### Exercise goal
Note how many lines in these entries contain "after", and reply with that number alone.

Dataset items
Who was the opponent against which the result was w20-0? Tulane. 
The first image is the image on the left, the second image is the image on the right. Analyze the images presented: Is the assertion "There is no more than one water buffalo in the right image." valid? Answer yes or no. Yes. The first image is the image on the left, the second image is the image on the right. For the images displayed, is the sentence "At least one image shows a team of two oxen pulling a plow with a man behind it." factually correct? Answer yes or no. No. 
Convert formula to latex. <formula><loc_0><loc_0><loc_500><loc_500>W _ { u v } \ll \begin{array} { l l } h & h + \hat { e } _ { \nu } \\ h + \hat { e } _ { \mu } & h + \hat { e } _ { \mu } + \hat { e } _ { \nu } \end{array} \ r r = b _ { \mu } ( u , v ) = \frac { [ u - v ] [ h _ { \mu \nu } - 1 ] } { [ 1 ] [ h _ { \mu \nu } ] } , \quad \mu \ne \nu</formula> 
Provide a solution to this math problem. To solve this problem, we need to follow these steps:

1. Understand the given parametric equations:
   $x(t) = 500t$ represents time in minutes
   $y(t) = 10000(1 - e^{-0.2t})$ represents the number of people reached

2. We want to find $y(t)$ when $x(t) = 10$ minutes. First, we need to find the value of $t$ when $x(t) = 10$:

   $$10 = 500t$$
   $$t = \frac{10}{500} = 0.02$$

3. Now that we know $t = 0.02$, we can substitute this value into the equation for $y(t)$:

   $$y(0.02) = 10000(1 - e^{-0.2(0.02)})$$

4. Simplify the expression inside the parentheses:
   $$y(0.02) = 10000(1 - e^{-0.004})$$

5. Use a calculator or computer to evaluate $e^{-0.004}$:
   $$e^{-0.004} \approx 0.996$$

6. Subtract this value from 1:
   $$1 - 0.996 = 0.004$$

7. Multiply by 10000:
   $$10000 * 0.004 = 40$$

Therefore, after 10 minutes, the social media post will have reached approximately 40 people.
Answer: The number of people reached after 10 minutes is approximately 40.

### Finished exercise
2